Dans ce chapitre, nous avons cherché à expliciter les liens existant entre sillon et train. Longtemps et encore souvent perçus comme indissociables (et donc confondus), ils méritent d’être appréhendés comme deux produits à part entière pour au moins deux raisons :

— le mouvement de réforme européen a conduit à ce qu’aujourd’hui, les rôles de producteur de sillons, de demandeur de sillons et de producteur de trains soient endossés par des entités différentes,

— le calendrier qui encadre les demandes de sillons et s’étend jusqu’à la circulation des trains ouvre la voie à des ajustements voire des remises en cause des liens qui les unissent.

Pour le marché du fret, ces deux raisons ont une résonance toute particulière dans la mesure où il s’agit d’une activité qui met en jeu des réseaux d’acteurs complexes et dont la temporalité spécifique requiert de la flexibilité de la part du gestionnaire d’infrastructure.
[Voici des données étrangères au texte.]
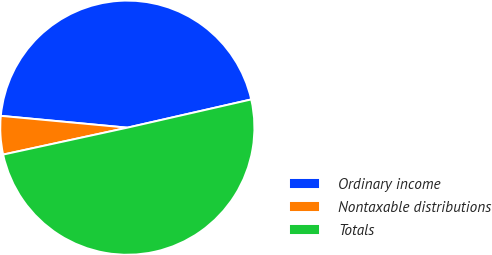<chart> <loc_0><loc_0><loc_500><loc_500><pie_chart><fcel>Ordinary income<fcel>Nontaxable distributions<fcel>Totals<nl><fcel>44.95%<fcel>4.88%<fcel>50.17%<nl></chart> 
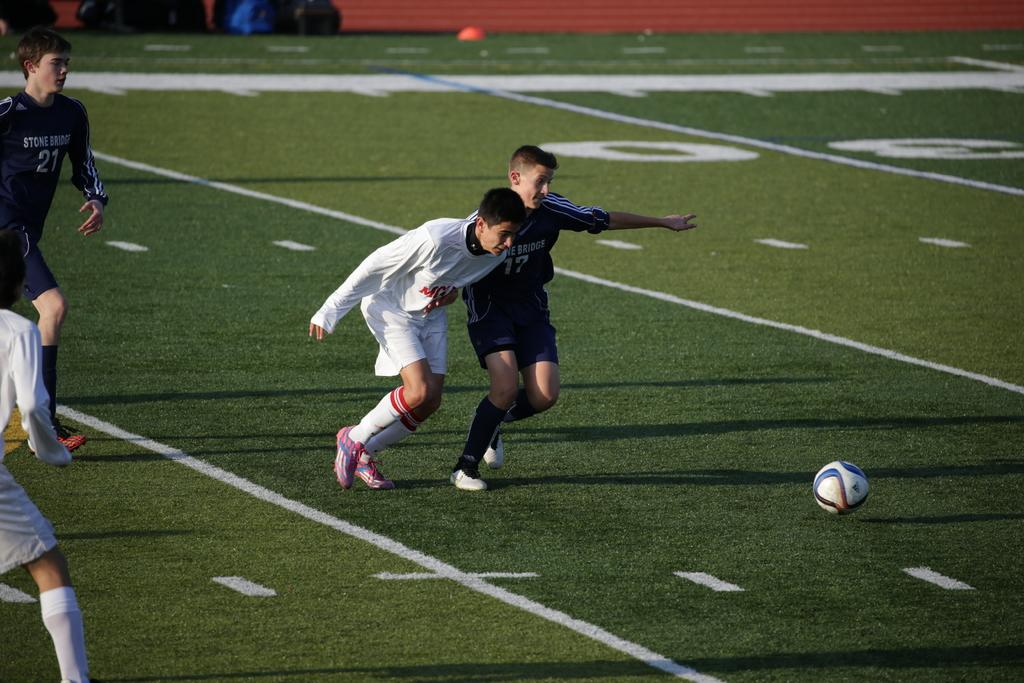<image>
Write a terse but informative summary of the picture. Number 17 of Stone Bridge battles with his opponent for the ball. 
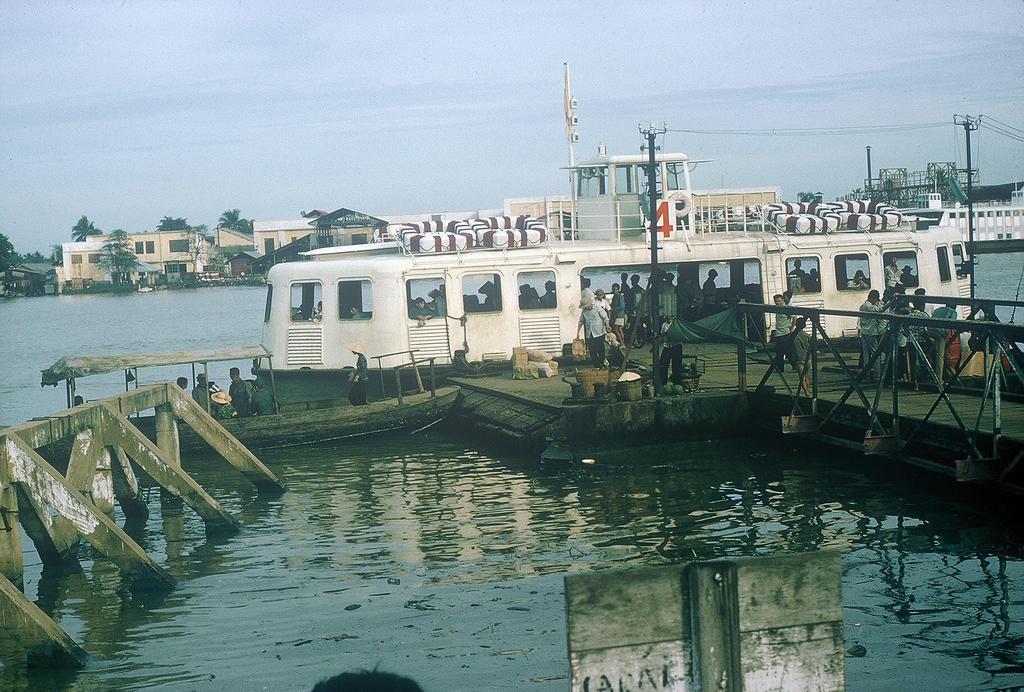In one or two sentences, can you explain what this image depicts? At the bottom of the image there is water. There is a ship. In the background of the image there are buildings. There are trees. At the top of the image there is sky. 
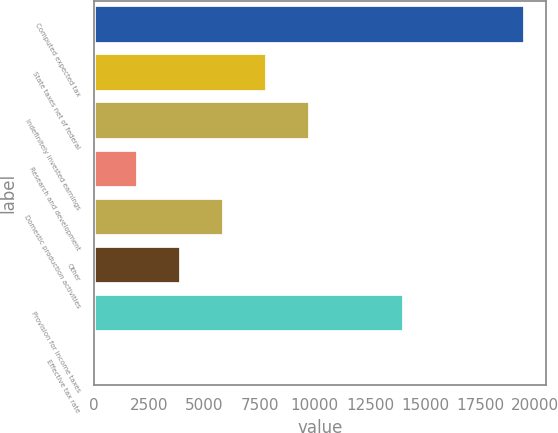Convert chart. <chart><loc_0><loc_0><loc_500><loc_500><bar_chart><fcel>Computed expected tax<fcel>State taxes net of federal<fcel>Indefinitely invested earnings<fcel>Research and development<fcel>Domestic production activities<fcel>Other<fcel>Provision for income taxes<fcel>Effective tax rate<nl><fcel>19517<fcel>7821.92<fcel>9771.1<fcel>1974.38<fcel>5872.74<fcel>3923.56<fcel>14030<fcel>25.2<nl></chart> 
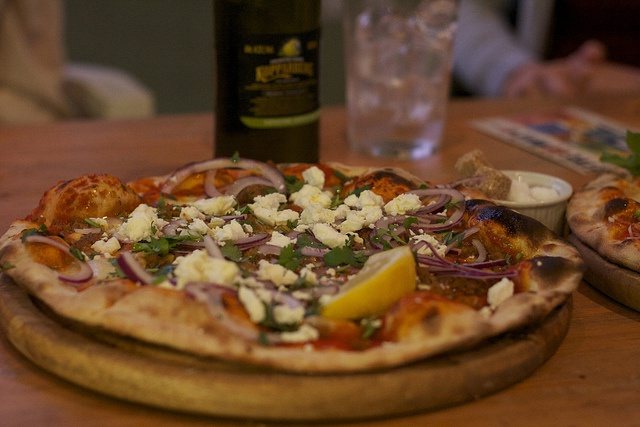Describe the objects in this image and their specific colors. I can see pizza in maroon, brown, tan, and gray tones, dining table in maroon, brown, and black tones, bottle in maroon, black, olive, and gray tones, cup in maroon, brown, and gray tones, and people in maroon and gray tones in this image. 
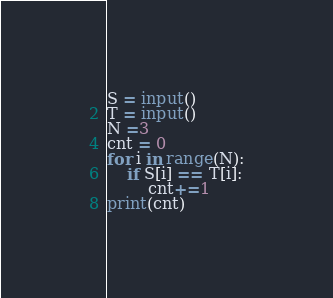Convert code to text. <code><loc_0><loc_0><loc_500><loc_500><_Python_>S = input()
T = input()
N =3
cnt = 0
for i in range(N):
    if S[i] == T[i]:
        cnt+=1
print(cnt)</code> 
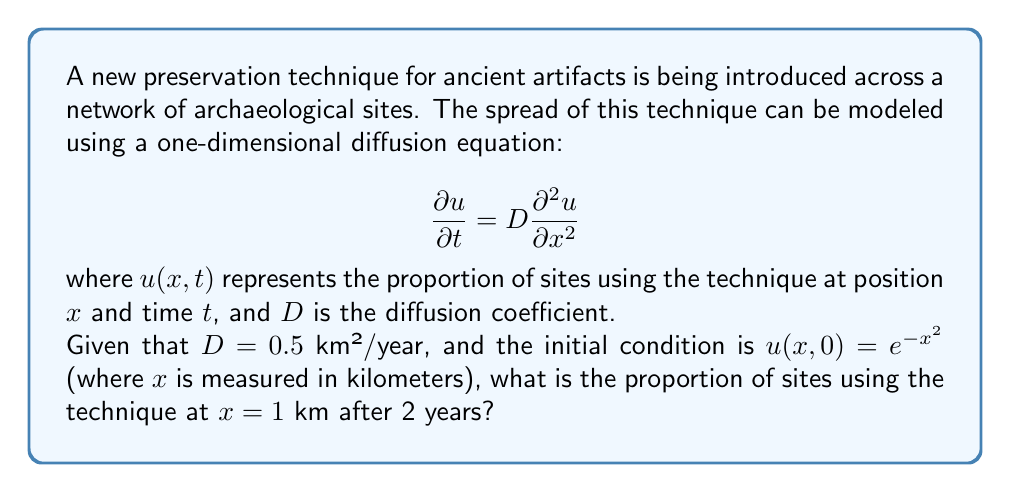What is the answer to this math problem? To solve this problem, we can use the fundamental solution of the diffusion equation, also known as the heat kernel. For an initial condition $u(x,0) = f(x)$, the solution at time $t$ is given by:

$$u(x,t) = \frac{1}{\sqrt{4\pi Dt}} \int_{-\infty}^{\infty} f(y) e^{-\frac{(x-y)^2}{4Dt}} dy$$

In our case:
$f(x) = e^{-x^2}$
$D = 0.5$ km²/year
$t = 2$ years
$x = 1$ km

Substituting these values:

$$u(1,2) = \frac{1}{\sqrt{4\pi (0.5)(2)}} \int_{-\infty}^{\infty} e^{-y^2} e^{-\frac{(1-y)^2}{4(0.5)(2)}} dy$$

Simplifying:

$$u(1,2) = \frac{1}{2\sqrt{\pi}} \int_{-\infty}^{\infty} e^{-y^2} e^{-\frac{(1-y)^2}{4}} dy$$

This integral can be evaluated analytically:

$$u(1,2) = \frac{1}{2\sqrt{\pi}} \cdot \sqrt{\frac{4\pi}{5}} \cdot e^{-\frac{1}{5}}$$

Simplifying:

$$u(1,2) = \frac{1}{\sqrt{5}} e^{-\frac{1}{5}}$$
Answer: $\frac{1}{\sqrt{5}} e^{-\frac{1}{5}} \approx 0.3768$

The proportion of sites using the preservation technique at $x = 1$ km after 2 years is approximately 0.3768 or 37.68%.

Dans ce cadre, un des enjeux de l’identification distincte du sillon et du train est la traçabilité de ces deux produits aux trajectoires entremêlées. Nous aurons l’occasion de voir au chapitre 6 au travers de deux études de cas que cette traçabilité est effectivement incomplète. Plus largement, ce détour, un peu formel mais nous semble-t-il indispensable, autour des relations entre sillon et train nous a permis d’introduire l’idée que le sillon est « une ressource à habiller » pour les entreprises ferroviaires. Dans le chapitre 5, nous allons approfondir les implications de cette idée du point de vue de la qualité des sillons.